Why do temperatures on Earth vary? We have already looked at differences in how much solar radiation is received at a place due to its latitude. The tropics have warmer temperatures than the polar regions due to more direct solar rays and more daylight.
FACTORS AFFECTING TEMPERATURE A TEMPERATURE CONTROL is any factor that causes temperatures to vary from place to place and from time to time. Other factors beside LATITUDE are HEATING of LAND and WATER, ALTITUDE, GEOGRAPHIC POSITION, CLOUD COVER, and OCEAN CURRENTS.
LAND AND WATER The heating of Earth’s surface controls the temperature of the air above it. Being near a large body of water affects temperatures because land heats more rapidly and to higher temperatures than water does. Land also cools more rapidly and to lower temperatures than water does. The more constant temperature of the water causes the air passing over it to have less temperature change throughout a year than air over land.
Vancouver, BC is at about the same latitude as Winnipeg, Manitoba, so they both have the same solar angle and length of daylight. Vancouver, however, is on the windward Pacific coast while Winnipeg is far inland.
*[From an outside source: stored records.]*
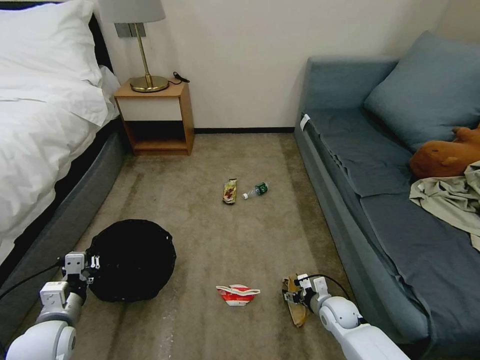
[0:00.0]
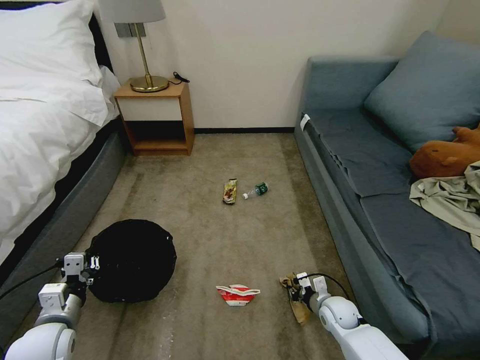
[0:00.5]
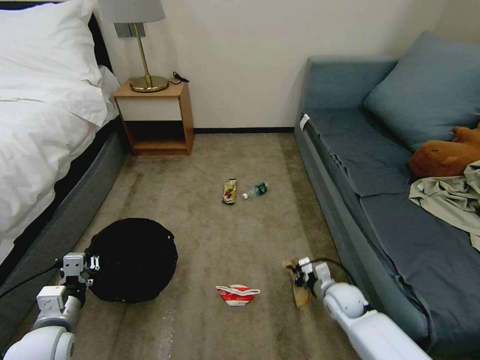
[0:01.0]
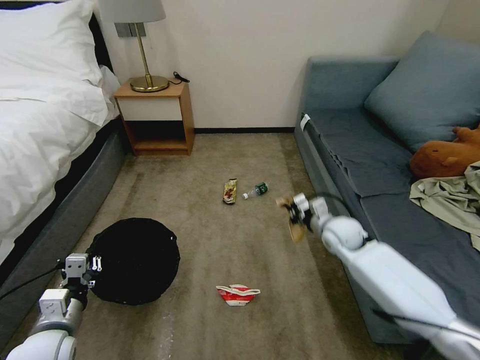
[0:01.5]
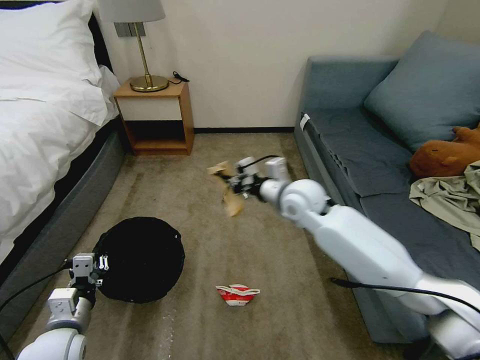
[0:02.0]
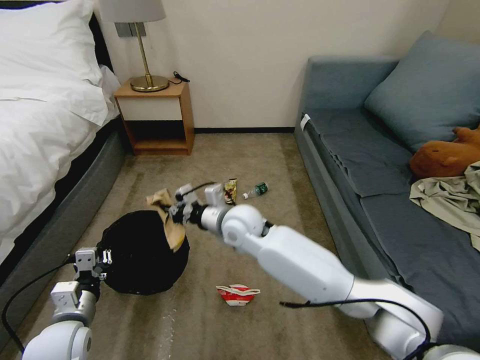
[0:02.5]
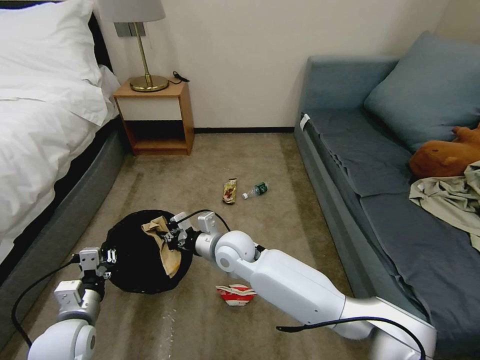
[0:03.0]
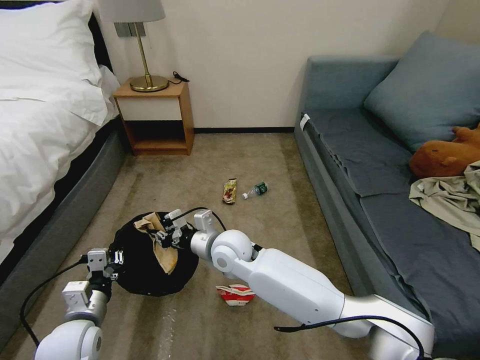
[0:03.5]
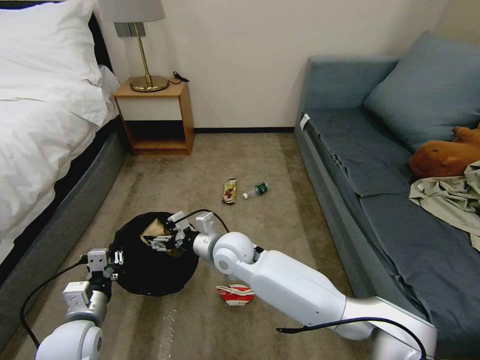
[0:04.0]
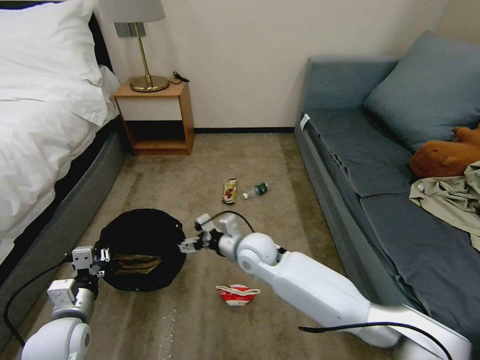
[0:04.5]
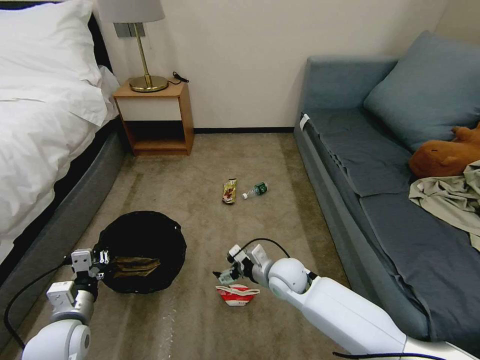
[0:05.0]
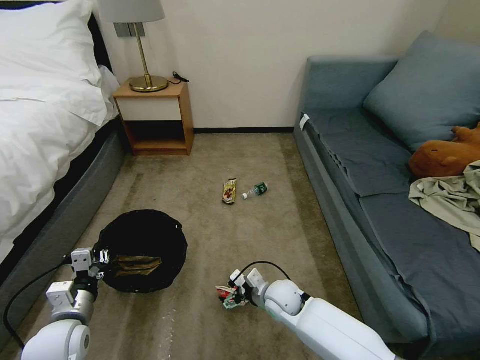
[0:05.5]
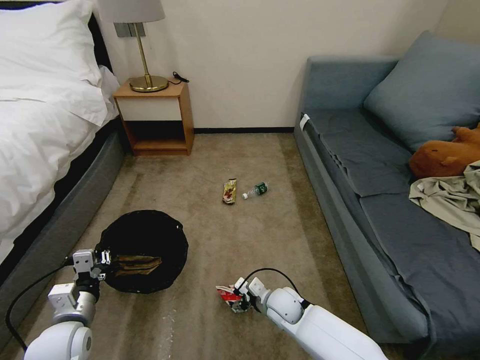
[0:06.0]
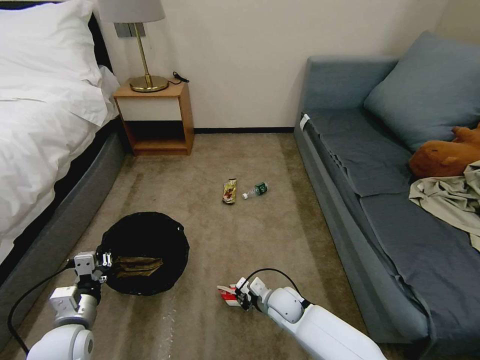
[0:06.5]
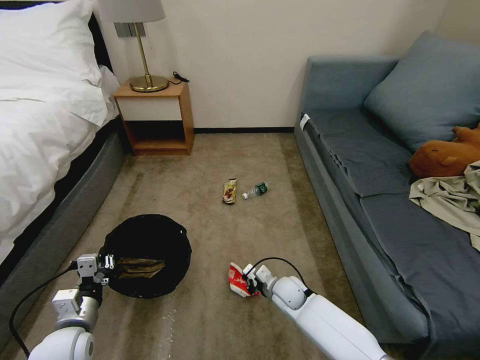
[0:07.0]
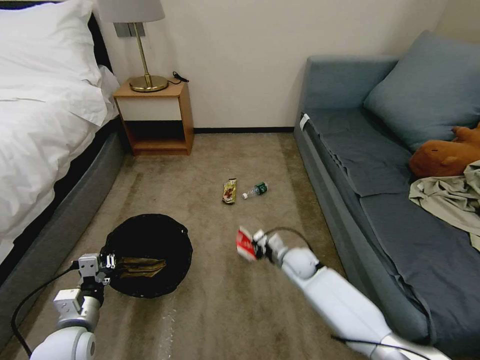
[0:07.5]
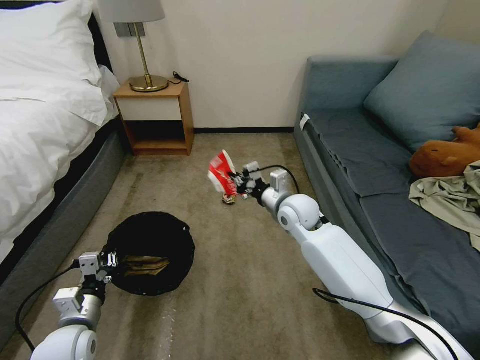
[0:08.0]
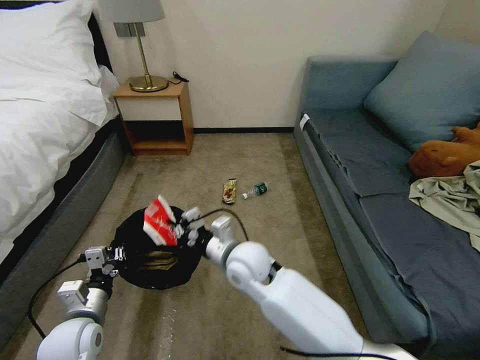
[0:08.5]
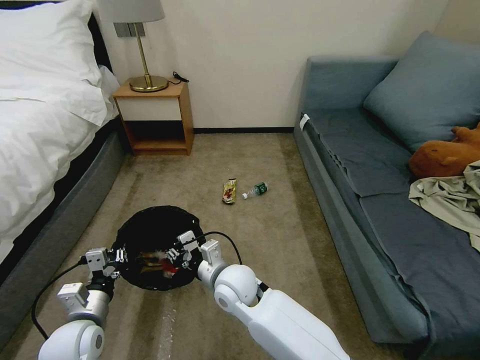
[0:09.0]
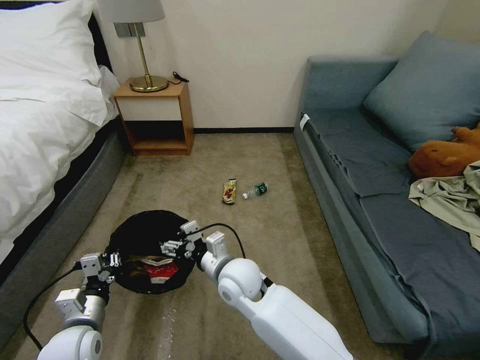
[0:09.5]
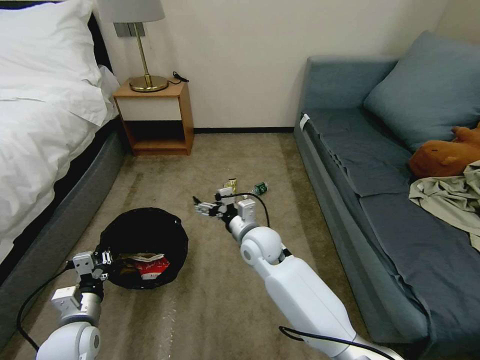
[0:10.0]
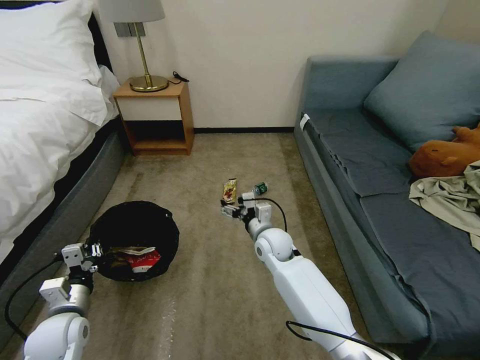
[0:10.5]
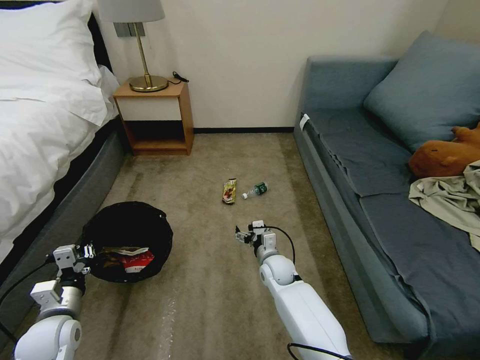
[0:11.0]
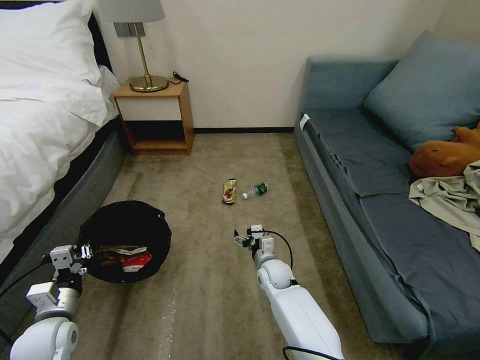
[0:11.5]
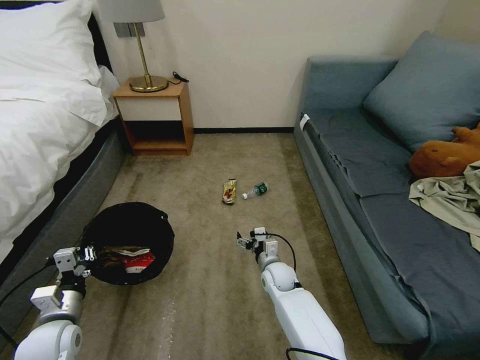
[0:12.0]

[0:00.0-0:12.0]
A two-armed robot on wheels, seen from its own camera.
Task of the whole recording: Pick up the trash bin, then pick up the garbage on the floor and place it into the trash bin.
0:00.0 to 0:02.0: The right gripper shifts some 40 cm upward, forward and to the left, and closes.
0:02.0 to 0:04.0: The right gripper moves to the left, downward and backward, about 20 cm, and opens.
0:04.0 to 0:06.0: The right gripper is displaced downward and to the right by about 25 cm.
0:06.0 to 0:08.0: The right gripper shifts some 25 cm upward and forward, and closes.
0:08.0 to 0:10.0: The right gripper goes approximately 10 cm to the left and backward, and opens its fingers.
0:10.0 to 0:12.0: The right gripper goes approximately 15 cm downward.

The influence of the ocean is that Vancouver’s year-round temperatures are more moderate, cooler in summer and warmer in winter, than Winnipeg’s. “More moderate” also means fewer temperature extremes.
Differences in Hemispheres Another important land and water effect is due to the different amounts of land and water in the Northern and Southern Hemispheres. The Northern Hemisphere has 61% water and 39% land. The Southern Hemisphere has 81% water and 19% land. Which hemisphere would you predict has smaller annual temperature variations (is more moderate)?
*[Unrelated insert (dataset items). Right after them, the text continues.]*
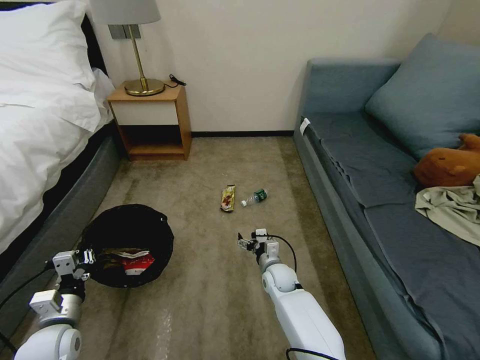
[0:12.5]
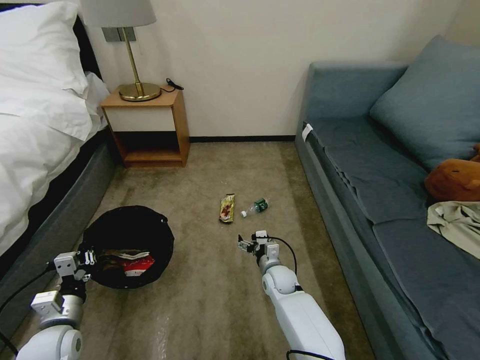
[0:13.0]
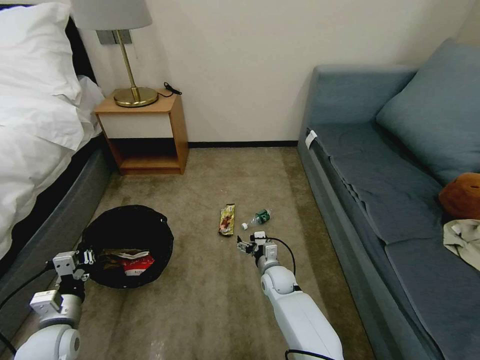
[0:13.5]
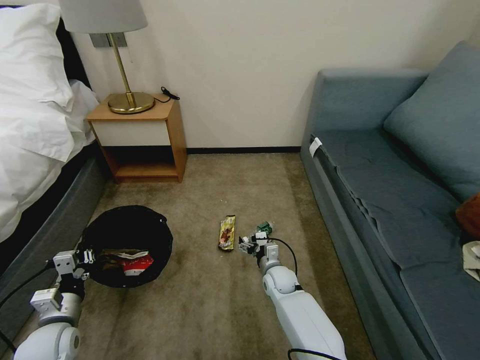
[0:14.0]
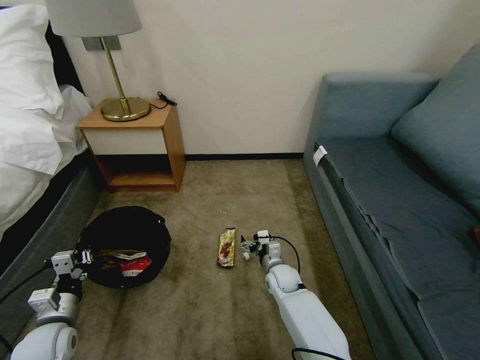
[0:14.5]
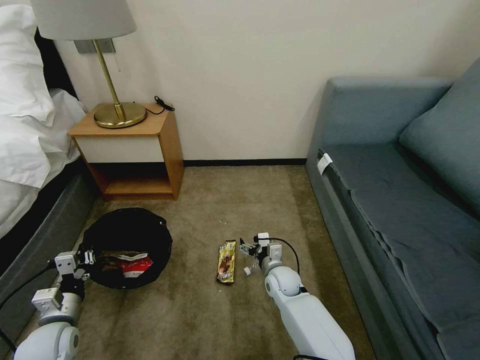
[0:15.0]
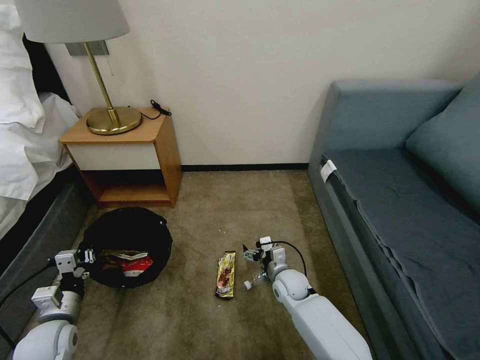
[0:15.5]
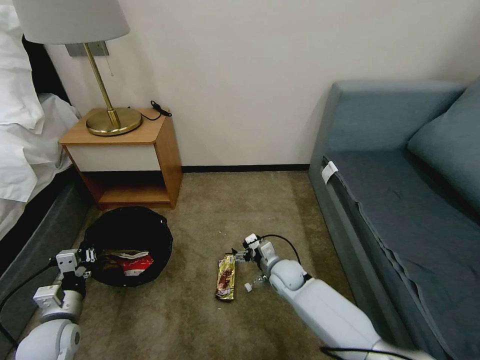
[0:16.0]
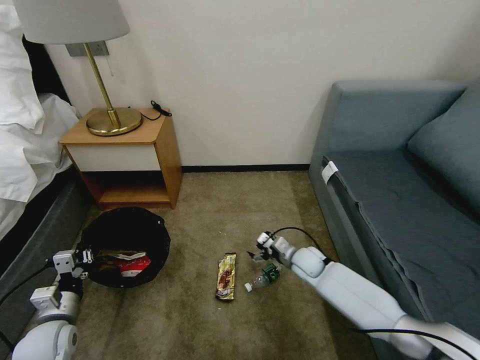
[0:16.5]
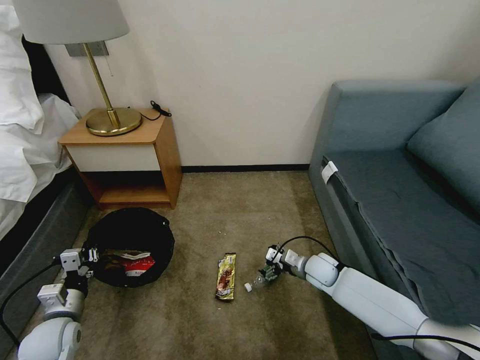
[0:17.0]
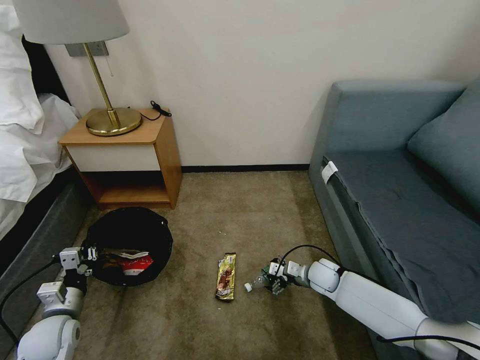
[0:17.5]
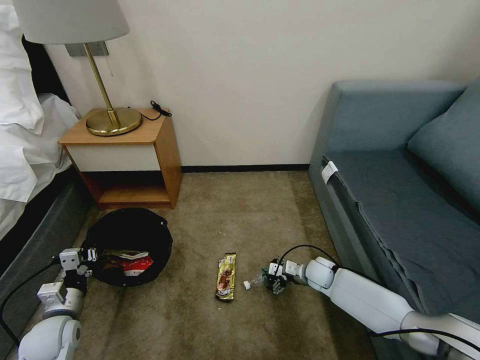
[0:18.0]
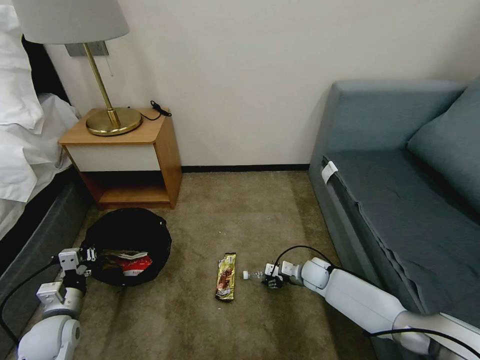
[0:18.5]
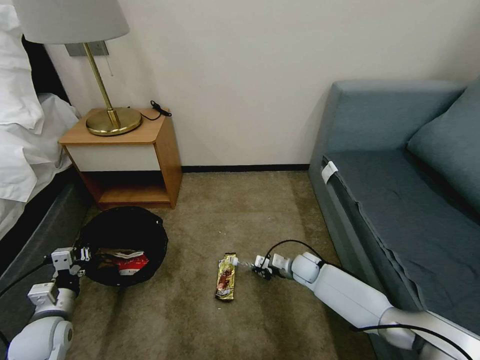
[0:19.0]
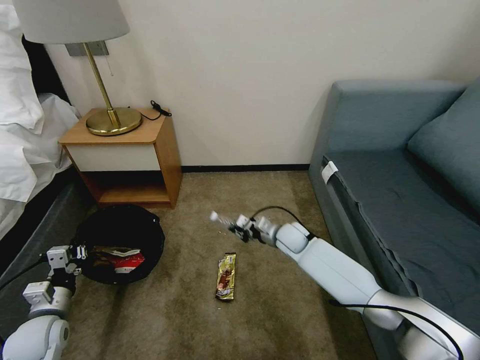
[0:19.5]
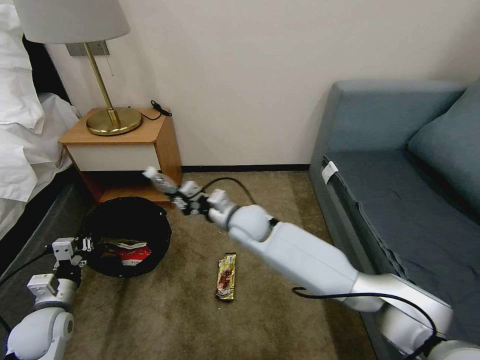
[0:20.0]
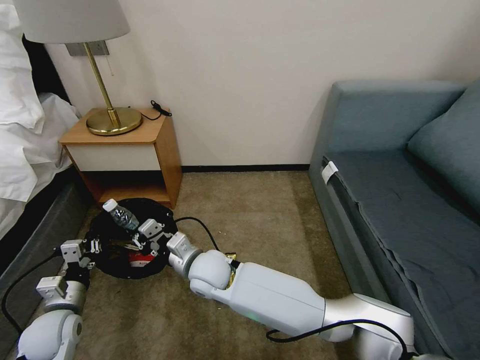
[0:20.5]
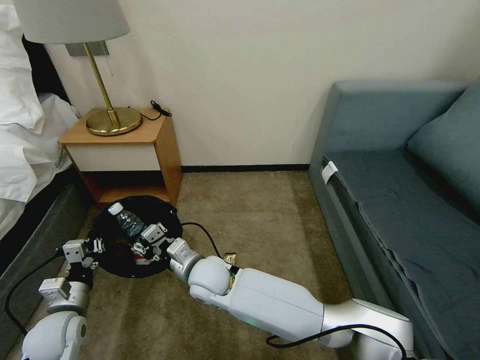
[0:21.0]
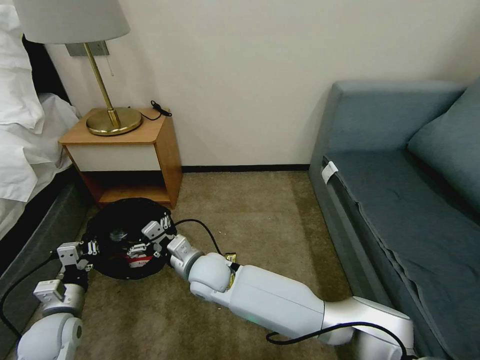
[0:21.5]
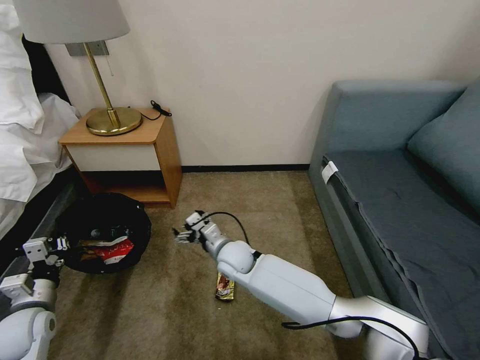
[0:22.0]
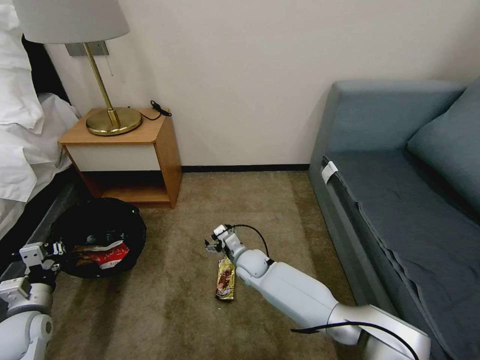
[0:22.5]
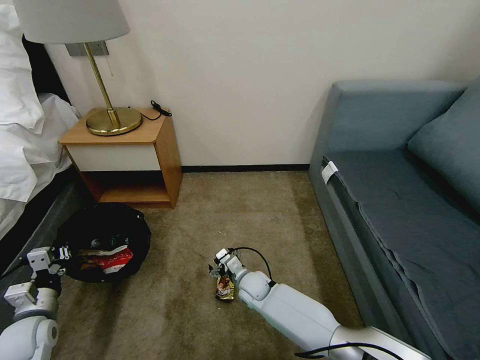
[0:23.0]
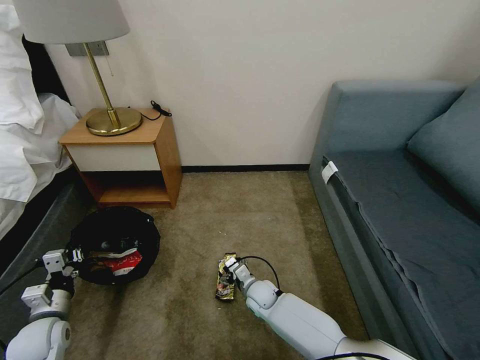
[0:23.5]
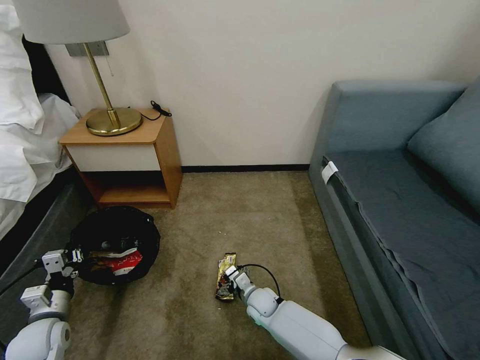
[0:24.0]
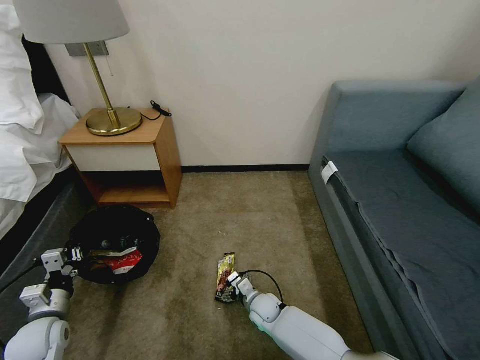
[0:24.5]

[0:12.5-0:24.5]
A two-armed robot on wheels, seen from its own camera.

Geographic Position Coastal locations where the wind blows onto the land (WINDWARD) or away from the land (LEEWARD) have very different weather. A windward coast gets the moderating influence of the water (cool summers and mild winters) while the leeward coast does not. Mountains can act as barriers, cutting an area off from a moderating influence.
Altitude For the same latitude, higher elevations experience lower overall temperatures than do lower elevations. Understanding check: Denver is far inland but at a high elevation; San Francisco is on the Pacific Coast. They have similar latitudes. What would you expect to be the differences in climate between them?
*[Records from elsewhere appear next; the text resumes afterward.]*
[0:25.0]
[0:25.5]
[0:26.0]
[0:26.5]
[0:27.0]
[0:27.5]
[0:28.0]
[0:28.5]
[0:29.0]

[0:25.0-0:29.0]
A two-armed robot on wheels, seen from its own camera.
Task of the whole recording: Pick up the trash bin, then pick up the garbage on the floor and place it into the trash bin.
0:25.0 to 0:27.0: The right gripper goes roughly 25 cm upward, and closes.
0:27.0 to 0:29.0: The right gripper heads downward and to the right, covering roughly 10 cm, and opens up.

Cloud Cover Many clouds reflect a significant portion of the sunlight that reaches them back towards space so they have a high albedo. ALBEDO is the fraction of total radiation that is reflected from a surface. How much cloud cover there is strongly affects how much sunlight reaches the Earth’s surface. A cloudy day is a cooler day.
Nighttime Clouds But, clouds at night have the OPPOSITE effect. They act like a BLANKET. Clouds absorb the outgoing radiation from the Earth, trapping it and reradiating some of it back toward the surface. Overall, clouds act to lower daytime temperatures while raising nighttime temps, moderating the daily temperature range.
Ocean Currents The Gulf Stream is a warm current that flows from Florida across the Atlantic Ocean to Great Britain and moderates its climate.
Worldwide Temperature Distribution If you look at world map that show ISOTHERMS, lines that connect points with the same temperatures, you see that temperatures are warmest near the tropics and coldest near the poles, even though there are differences due to the other factors. This shows that the largest influence on temperature is a locations’ latitude.